──────── DATA PROVIDED ────────

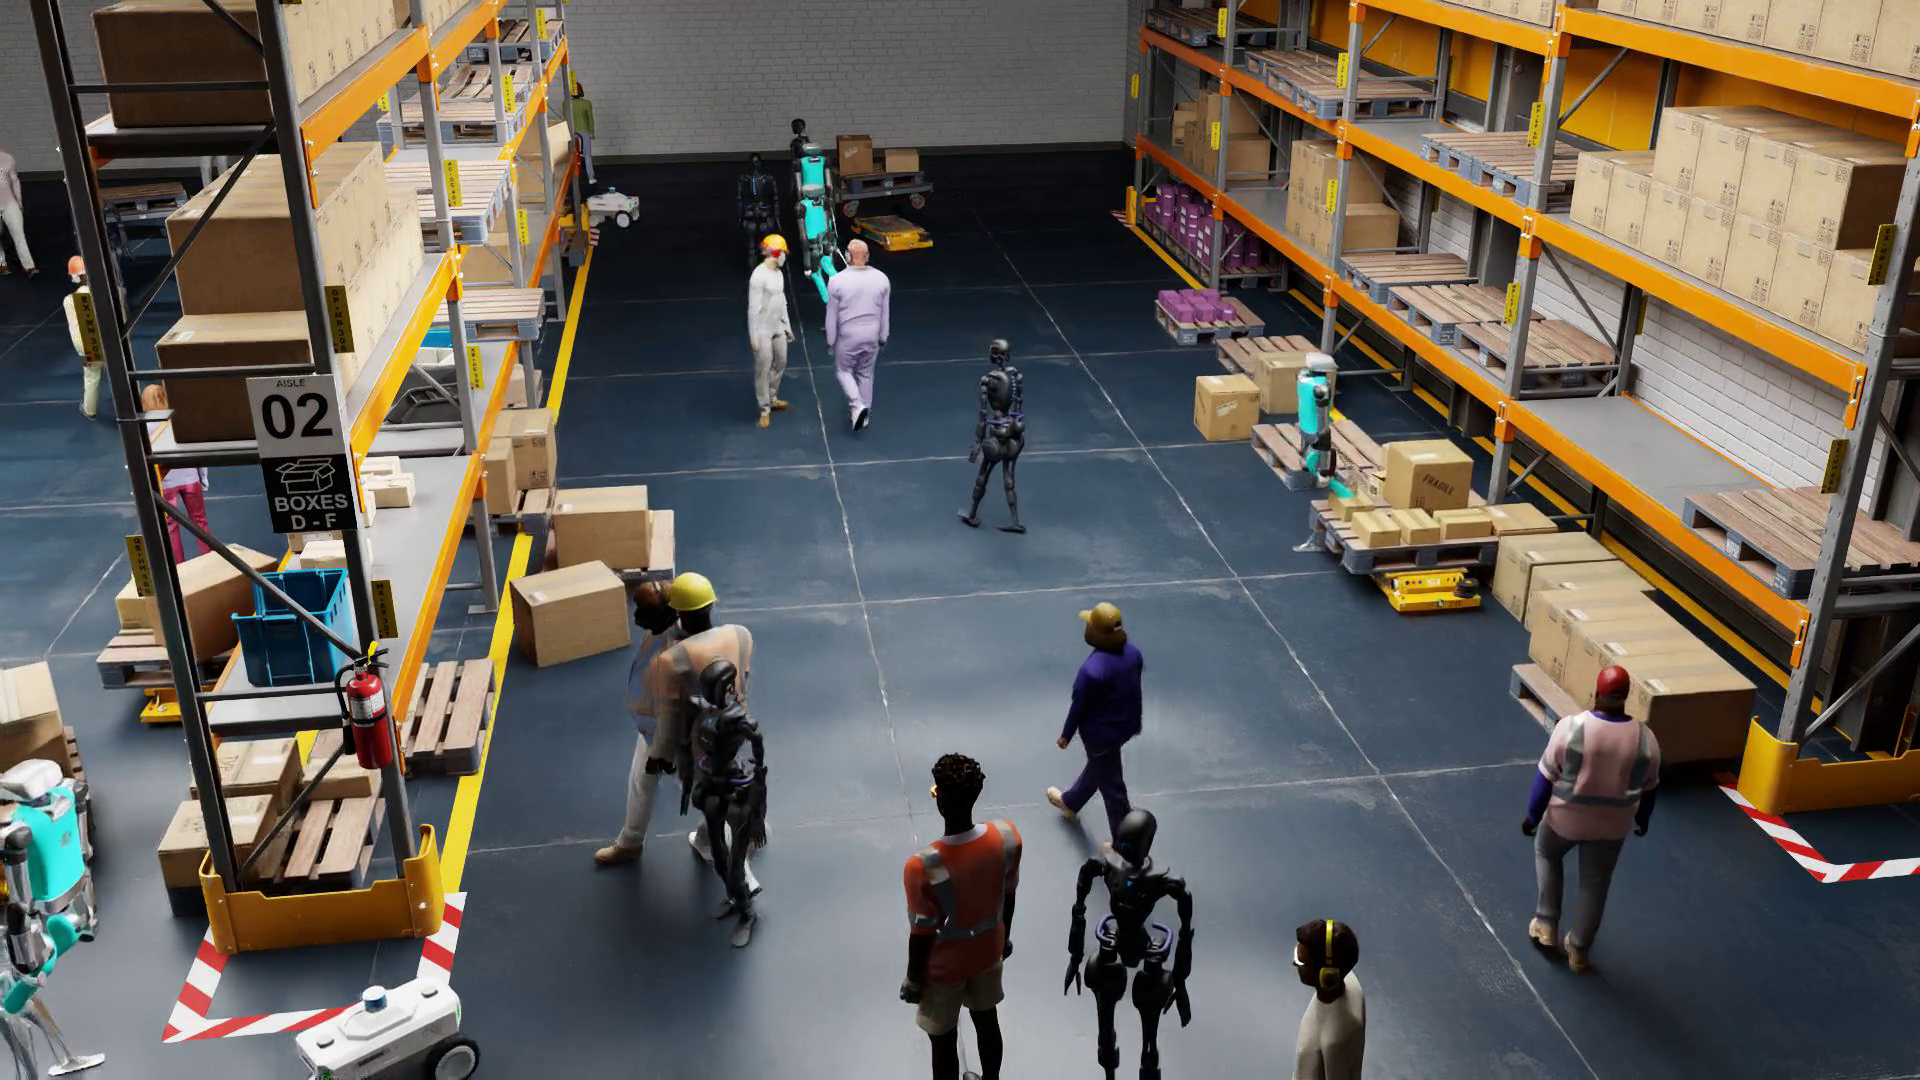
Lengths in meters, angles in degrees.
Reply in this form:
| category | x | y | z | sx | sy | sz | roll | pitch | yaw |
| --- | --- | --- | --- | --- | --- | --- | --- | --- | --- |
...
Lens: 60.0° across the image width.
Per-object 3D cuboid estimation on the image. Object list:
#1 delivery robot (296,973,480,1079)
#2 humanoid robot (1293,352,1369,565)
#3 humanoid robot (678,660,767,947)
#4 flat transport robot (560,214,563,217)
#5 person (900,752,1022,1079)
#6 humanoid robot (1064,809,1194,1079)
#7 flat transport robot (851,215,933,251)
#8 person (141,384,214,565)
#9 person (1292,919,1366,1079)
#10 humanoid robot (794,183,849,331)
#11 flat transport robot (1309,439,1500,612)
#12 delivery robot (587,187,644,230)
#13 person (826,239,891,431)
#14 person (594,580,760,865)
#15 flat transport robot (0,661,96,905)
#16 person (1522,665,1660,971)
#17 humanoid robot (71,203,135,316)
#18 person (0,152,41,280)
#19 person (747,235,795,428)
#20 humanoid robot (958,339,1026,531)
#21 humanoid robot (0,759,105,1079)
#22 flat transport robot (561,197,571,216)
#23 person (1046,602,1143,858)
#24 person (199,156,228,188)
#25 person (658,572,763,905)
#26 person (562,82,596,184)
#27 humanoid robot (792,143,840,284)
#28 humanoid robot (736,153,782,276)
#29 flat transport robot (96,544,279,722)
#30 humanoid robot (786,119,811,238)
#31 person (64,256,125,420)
| category | x | y | z | sx | sy | sz | roll | pitch | yaw |
| --- | --- | --- | --- | --- | --- | --- | --- | --- | --- |
| delivery robot | -2.725 | 2.385 | 7.894 | 0.798 | 0.598 | 0.499 | -21 | 31 | -39 |
| humanoid robot | 3.040 | -0.643 | 13.342 | 0.795 | 1.798 | 0.532 | -4 | 24 | -9 |
| humanoid robot | -1.252 | 1.355 | 8.848 | 0.585 | 1.641 | 0.480 | 13 | 27 | 26 |
| flat transport robot | -6.594 | -4.730 | 24.455 | 1.431 | 0.231 | 0.659 | -11 | 26 | -24 |
| person | -0.007 | 1.825 | 7.411 | 0.611 | 1.964 | 0.362 | -18 | 29 | -34 |
| humanoid robot | 0.753 | 1.944 | 7.484 | 0.612 | 1.651 | 0.364 | 9 | 25 | 20 |
| flat transport robot | -0.982 | -4.367 | 23.627 | 0.659 | 0.231 | 1.431 | -11 | 26 | -24 |
| person | -6.111 | -0.421 | 12.948 | 0.498 | 1.629 | 0.287 | -16 | 28 | -32 |
| person | 1.394 | 2.274 | 6.514 | 0.310 | 1.864 | 0.529 | 5 | 24 | 11 |
| humanoid robot | -1.464 | -3.105 | 19.065 | 0.759 | 1.899 | 0.546 | 15 | 28 | 31 |
| flat transport robot | 3.550 | 0.175 | 13.278 | 0.659 | 0.231 | 1.431 | -3 | 24 | -8 |
| delivery robot | -5.086 | -4.878 | 24.417 | 0.759 | 0.579 | 0.499 | 5 | 24 | 11 |
| person | -0.972 | -1.959 | 16.135 | 0.654 | 1.884 | 0.555 | -10 | 26 | -21 |
| person | -1.603 | 1.044 | 9.394 | 0.941 | 1.804 | 0.640 | -9 | 25 | -19 |
| flat transport robot | -5.745 | 1.730 | 9.736 | 0.659 | 0.231 | 1.431 | -14 | 27 | -28 |
| person | 3.248 | 1.418 | 8.623 | 0.642 | 1.734 | 0.515 | 5 | 24 | 10 |
| humanoid robot | -10.207 | -3.461 | 19.844 | 0.611 | 1.625 | 0.708 | -15 | 28 | -31 |
| person | -12.398 | -4.308 | 21.490 | 1.030 | 1.879 | 0.649 | 21 | 31 | 39 |
| person | -1.897 | -2.068 | 16.425 | 0.357 | 1.857 | 0.682 | 11 | 26 | 23 |
| humanoid robot | 0.303 | -0.881 | 13.948 | 0.632 | 1.637 | 0.604 | 19 | 30 | 36 |
| humanoid robot | -4.346 | 1.846 | 7.741 | 0.726 | 1.850 | 0.545 | 3 | 24 | 7 |
| flat transport robot | -6.660 | -5.003 | 25.075 | 1.431 | 0.231 | 0.659 | 0 | 24 | 1 |
| person | 0.762 | 1.067 | 9.593 | 0.814 | 1.581 | 0.486 | 21 | 31 | 39 |
| person | -11.567 | -6.137 | 25.719 | 0.431 | 1.837 | 0.624 | 22 | 32 | 40 |
| person | -1.345 | 1.090 | 9.192 | 0.592 | 1.885 | 0.880 | -18 | 30 | -36 |
| person | -6.192 | -6.621 | 27.076 | 0.495 | 1.626 | 0.285 | 0 | 24 | 0 |
| humanoid robot | -1.769 | -4.135 | 21.294 | 0.532 | 1.796 | 0.721 | -13 | 27 | -27 |
| humanoid robot | -2.586 | -4.117 | 21.285 | 0.599 | 1.659 | 0.315 | 3 | 24 | 8 |
| flat transport robot | -5.197 | 0.857 | 11.725 | 0.659 | 0.231 | 1.431 | -2 | 24 | -5 |
| humanoid robot | -2.249 | -5.149 | 23.658 | 0.317 | 1.655 | 0.605 | 9 | 25 | 20 |
| person | -8.454 | -1.951 | 16.332 | 0.894 | 1.703 | 0.581 | 19 | 30 | 37 |

────────

[PROBLEM STATEMENT]:
Leave the images out and print each entry exactly.

[RESULT]:
Lengths in meters, angles in degrees.
Reply in this form:
| category | x | y | z | sx | sy | sz | roll | pitch | yaw |
| --- | --- | --- | --- | --- | --- | --- | --- | --- | --- |
...
Lens: 60.0° across the image width.
Per-object 3D cuboid estimation on the image. Object list:
#1 delivery robot (296,973,480,1079)
#2 humanoid robot (1293,352,1369,565)
#3 humanoid robot (678,660,767,947)
#4 flat transport robot (560,214,563,217)
#5 person (900,752,1022,1079)
#6 humanoid robot (1064,809,1194,1079)
#7 flat transport robot (851,215,933,251)
#8 person (141,384,214,565)
#9 person (1292,919,1366,1079)
#10 humanoid robot (794,183,849,331)
#11 flat transport robot (1309,439,1500,612)
#12 delivery robot (587,187,644,230)
#13 person (826,239,891,431)
#14 person (594,580,760,865)
#15 flat transport robot (0,661,96,905)
#16 person (1522,665,1660,971)
#17 humanoid robot (71,203,135,316)
#18 person (0,152,41,280)
#19 person (747,235,795,428)
#20 humanoid robot (958,339,1026,531)
#21 humanoid robot (0,759,105,1079)
#22 flat transport robot (561,197,571,216)
#23 person (1046,602,1143,858)
#24 person (199,156,228,188)
#25 person (658,572,763,905)
#26 person (562,82,596,184)
#27 humanoid robot (792,143,840,284)
#28 humanoid robot (736,153,782,276)
#29 flat transport robot (96,544,279,722)
#30 humanoid robot (786,119,811,238)
#31 person (64,256,125,420)
| category | x | y | z | sx | sy | sz | roll | pitch | yaw |
| --- | --- | --- | --- | --- | --- | --- | --- | --- | --- |
| delivery robot | -2.725 | 2.385 | 7.894 | 0.798 | 0.598 | 0.499 | -21 | 31 | -39 |
| humanoid robot | 3.040 | -0.643 | 13.342 | 0.795 | 1.798 | 0.532 | -4 | 24 | -9 |
| humanoid robot | -1.252 | 1.355 | 8.848 | 0.585 | 1.641 | 0.480 | 13 | 27 | 26 |
| flat transport robot | -6.594 | -4.730 | 24.455 | 1.431 | 0.231 | 0.659 | -11 | 26 | -24 |
| person | -0.007 | 1.825 | 7.411 | 0.611 | 1.964 | 0.362 | -18 | 29 | -34 |
| humanoid robot | 0.753 | 1.944 | 7.484 | 0.612 | 1.651 | 0.364 | 9 | 25 | 20 |
| flat transport robot | -0.982 | -4.367 | 23.627 | 0.659 | 0.231 | 1.431 | -11 | 26 | -24 |
| person | -6.111 | -0.421 | 12.948 | 0.498 | 1.629 | 0.287 | -16 | 28 | -32 |
| person | 1.394 | 2.274 | 6.514 | 0.310 | 1.864 | 0.529 | 5 | 24 | 11 |
| humanoid robot | -1.464 | -3.105 | 19.065 | 0.759 | 1.899 | 0.546 | 15 | 28 | 31 |
| flat transport robot | 3.550 | 0.175 | 13.278 | 0.659 | 0.231 | 1.431 | -3 | 24 | -8 |
| delivery robot | -5.086 | -4.878 | 24.417 | 0.759 | 0.579 | 0.499 | 5 | 24 | 11 |
| person | -0.972 | -1.959 | 16.135 | 0.654 | 1.884 | 0.555 | -10 | 26 | -21 |
| person | -1.603 | 1.044 | 9.394 | 0.941 | 1.804 | 0.640 | -9 | 25 | -19 |
| flat transport robot | -5.745 | 1.730 | 9.736 | 0.659 | 0.231 | 1.431 | -14 | 27 | -28 |
| person | 3.248 | 1.418 | 8.623 | 0.642 | 1.734 | 0.515 | 5 | 24 | 10 |
| humanoid robot | -10.207 | -3.461 | 19.844 | 0.611 | 1.625 | 0.708 | -15 | 28 | -31 |
| person | -12.398 | -4.308 | 21.490 | 1.030 | 1.879 | 0.649 | 21 | 31 | 39 |
| person | -1.897 | -2.068 | 16.425 | 0.357 | 1.857 | 0.682 | 11 | 26 | 23 |
| humanoid robot | 0.303 | -0.881 | 13.948 | 0.632 | 1.637 | 0.604 | 19 | 30 | 36 |
| humanoid robot | -4.346 | 1.846 | 7.741 | 0.726 | 1.850 | 0.545 | 3 | 24 | 7 |
| flat transport robot | -6.660 | -5.003 | 25.075 | 1.431 | 0.231 | 0.659 | 0 | 24 | 1 |
| person | 0.762 | 1.067 | 9.593 | 0.814 | 1.581 | 0.486 | 21 | 31 | 39 |
| person | -11.567 | -6.137 | 25.719 | 0.431 | 1.837 | 0.624 | 22 | 32 | 40 |
| person | -1.345 | 1.090 | 9.192 | 0.592 | 1.885 | 0.880 | -18 | 30 | -36 |
| person | -6.192 | -6.621 | 27.076 | 0.495 | 1.626 | 0.285 | 0 | 24 | 0 |
| humanoid robot | -1.769 | -4.135 | 21.294 | 0.532 | 1.796 | 0.721 | -13 | 27 | -27 |
| humanoid robot | -2.586 | -4.117 | 21.285 | 0.599 | 1.659 | 0.315 | 3 | 24 | 8 |
| flat transport robot | -5.197 | 0.857 | 11.725 | 0.659 | 0.231 | 1.431 | -2 | 24 | -5 |
| humanoid robot | -2.249 | -5.149 | 23.658 | 0.317 | 1.655 | 0.605 | 9 | 25 | 20 |
| person | -8.454 | -1.951 | 16.332 | 0.894 | 1.703 | 0.581 | 19 | 30 | 37 |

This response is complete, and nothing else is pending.